Sunday, April 2, 2017

It's time to get on board with Medicaid expansion

Now that everyone knows Obamacare is "the law of the land for the foreseeable future," there is no valid reason for the Wyoming Legislature to oppose it.



By D. Reed Eckhardt

One could always hope -- I suppose -- that Wyoming's lawmakers are paying attention. But I'm not holding my breath.

In the wake of the collapse of Trumpcare, legislators in Kansas last week offered their poorer residents health-care insurance through the Medicaid expansion outlined in Obamacare. Last year this idea was anathema. Indeed, the Kansas Senate even tossed one of its own off a key health care committee when she dared to suggest supporting the idea.
Wyoming Gov. Matt Mead came late to support Medicaid expansion.

That's right, one of the reddest states on the nation's political map now has seen its Legislature offer an additional 150,000 of its residents help through Medicaid, supported with funding from the federal government.

Now, it is true that Kansas Gov. Sam Brownback has vetoed the measure. But that does not mean his legislature is any less persuaded that the idea is a good one. And other states across the nation are climbing on board. Virginia, Georgia and North Carolina also are looking at passing expansion, the Washington Post reports. All three have been stalwarts against it in the past.

It is the failure of Republicans in the U.S. House to "repeal and replace" Obamacare that has created this new momentum. Even House Speaker Paul Ryan, R-Wis., admits that the Affordable Care Act "is now the law of the land for the foreseeable future." So states that formerly refused Medicaid expansion for fear -- or hope -- that Obamacare would collapse are looking at joining the 31 others that have moved forward to care for their people.

This is long overdue. It is tiresome to hear politicians who either get (thanks to their government positions)  -- or can afford -- health care for themselves and their families, deny it to the working poor. Of course, many of the neediest needy get support from Medicaid, and others who make a little more money can get it through Obamacare with the aid of federal subsidies. But those who fall in the middle of those two groups are forced to go it on their own, usually ending up in emergency rooms even for a common cold and then failing to pay their bills. This care is then funded by you and me (if we have insurance) through increased medical costs and higher health insurance premiums.

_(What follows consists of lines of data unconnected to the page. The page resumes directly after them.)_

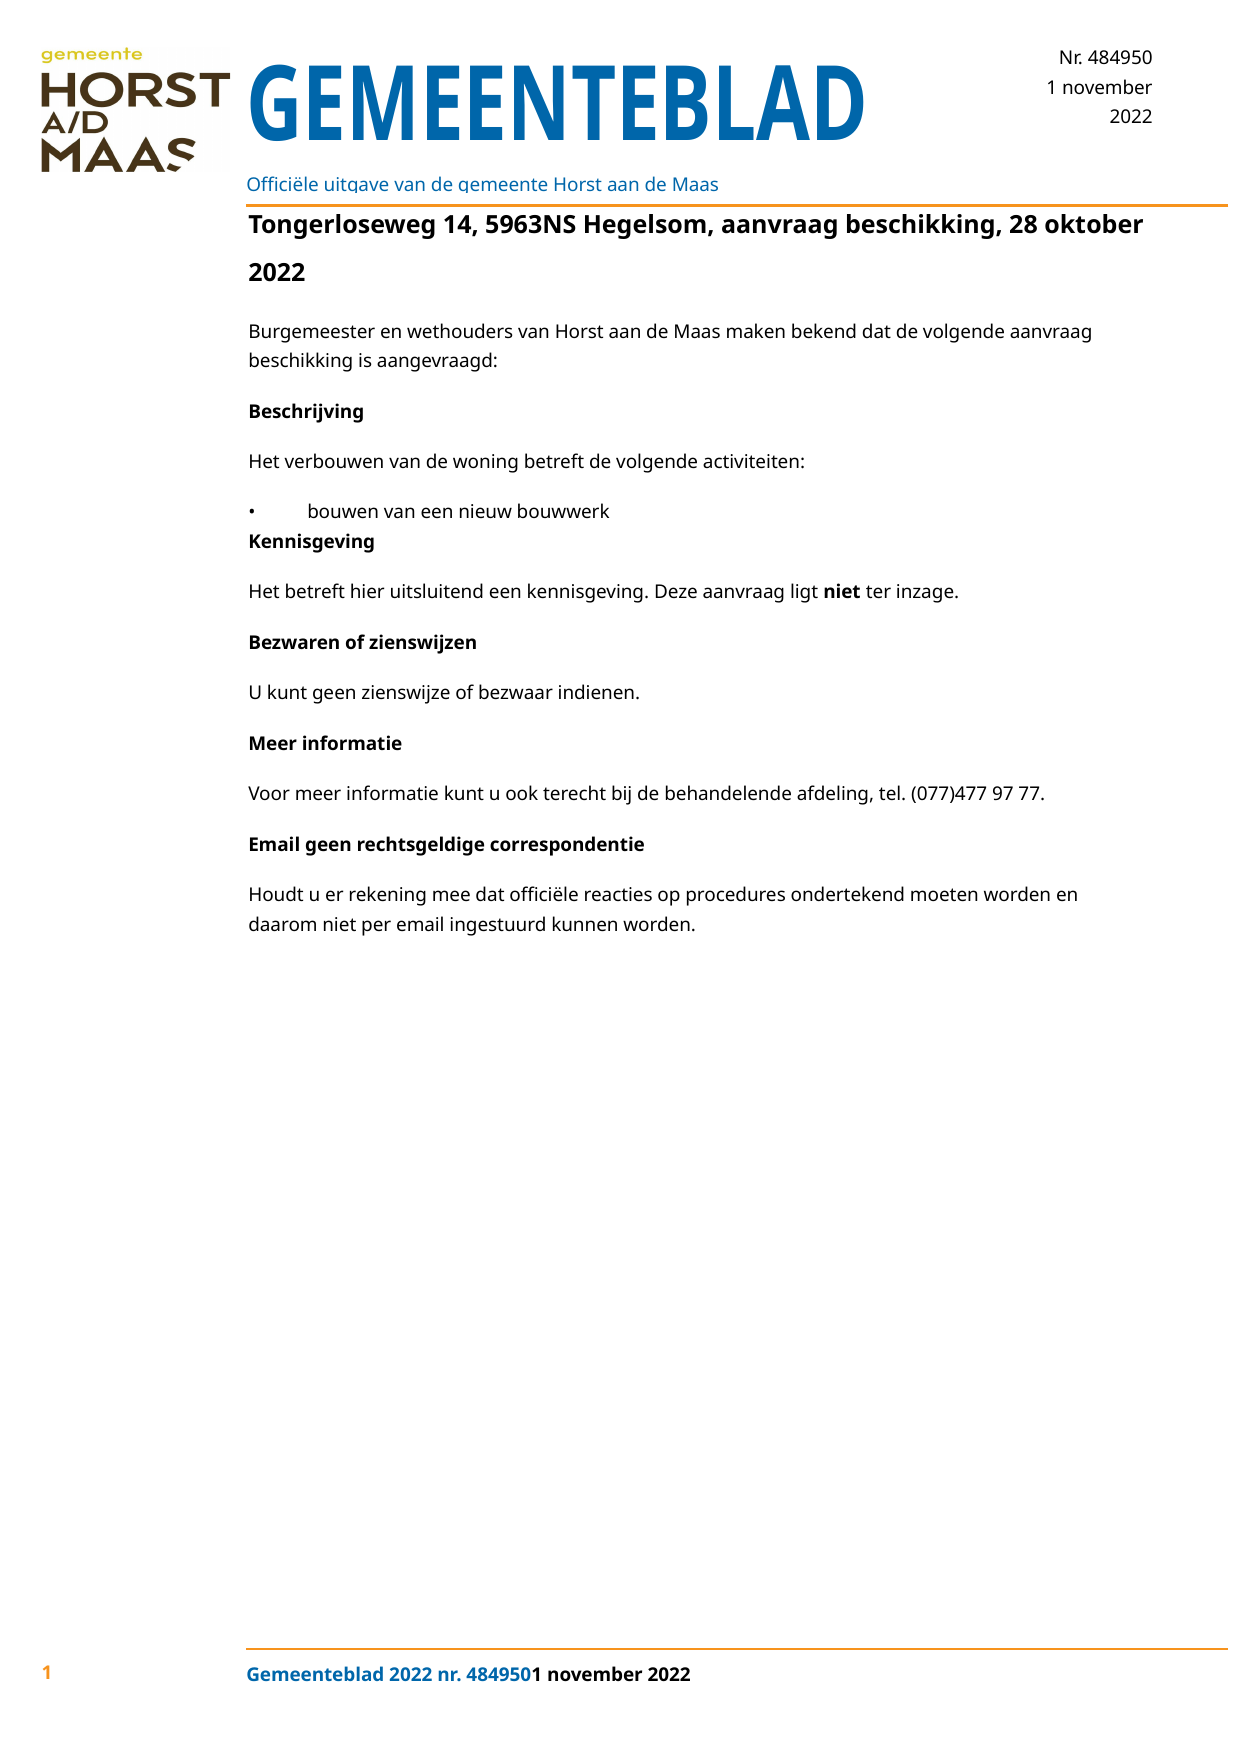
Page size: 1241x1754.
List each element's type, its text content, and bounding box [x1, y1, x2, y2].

text Meer informatie [248, 730, 1152, 756]
text U kunt geen zienswijze of bezwaar indienen. [248, 679, 1152, 705]
text Houdt u er rekening mee dat officiële reacties op procedures ondertekend moeten worden en daarom niet per email ingestuurd kunnen worden. [248, 881, 1152, 937]
text Tongerloseweg 14, 5963NS Hegelsom, aanvraag beschikking, 28 oktober 2022 [248, 207, 1152, 288]
text Email geen rechtsgeldige correspondentie [248, 831, 1152, 857]
picture [41, 47, 231, 172]
text Kennisgeving [248, 528, 1152, 554]
text Voor meer informatie kunt u ook terecht bij de behandelende afdeling, tel. (077)477 97 77. [248, 780, 1152, 806]
text Het verbouwen van de woning betreft de volgende activiteiten: [248, 448, 1152, 474]
text Het betreft hier uitsluitend een kennisgeving. Deze aanvraag ligt niet ter inzage. [248, 579, 1152, 604]
text Bezwaren of zienswijzen [248, 629, 1152, 655]
text Burgemeester en wethouders van Horst aan de Maas maken bekend dat de volgende aanvraag beschikking is aangevraagd: [248, 318, 1152, 373]
text Beschrijving [248, 398, 1152, 424]
list bouwen van een nieuw bouwwerk [248, 499, 1152, 524]

There are about 20,000 Wyomingites who find themselves in this gap. They have been dissed by their legislators, who treat them as if they choose to live in poverty and who pretend that if these people would just get jobs, they would not need expansion. Nothing could be further from the truth. The vast majority of these people work; they are our family, friends, and neighbors who take care of us in restaurants or greet us at Walmart. It is an insult that only lawmakers who never have been without health insurance or without enough money to keep them fat and sassy would deal out.

One of those was Gov. Matt Mead, who opposed Medicaid expansion to gain reelection in 2014. Then he came to the party in support of it once he had been returned to office. Unfortunately, that was too little too late, and the expansion, which had failed in previous years, was not even discussed in the most recent session of the Legislature.

Part of the problem is that Mead and others who support expansion wait too long to get the ball rolling. And the governor has been unwilling to climb onto the bully pulpit to encourage state residents to put pressure on their lawmakers to take care of the needy among us. It is going to take a concerted effort, and Mead has been unwilling to fight for expansion even after saying he supports it.

Now that Obamacare is not going away, this would be a good time for the governor to build a coalition and start talking about it again. Yes, the next session is more than nine months away. But if Mead and others would begin talking about it now, and keep talking about it, and keep talking about it, then maybe things would change. Certainly the lawmakers' argument that the state is going to be left holding the bag when Obamacare fails no longer holds water.

Yes, Wyoming is facing its own fiscal crisis. But that only means that more people are going to need help from the expansion. The money is there, squirreled away in the rainy day fund or some other coffee can or being diverted into the Permanent Mineral Trust Fund. It's astonishing -- but no surprise -- how quickly the Legislature can rush to help the minerals industry when it cries for support. How nice it would be to see, just one time, similar concern for the state's needy from the governor and his legislative cronies.

D. Reed Eckhardt is the former executive editor of the Wyoming Tribune Eagle.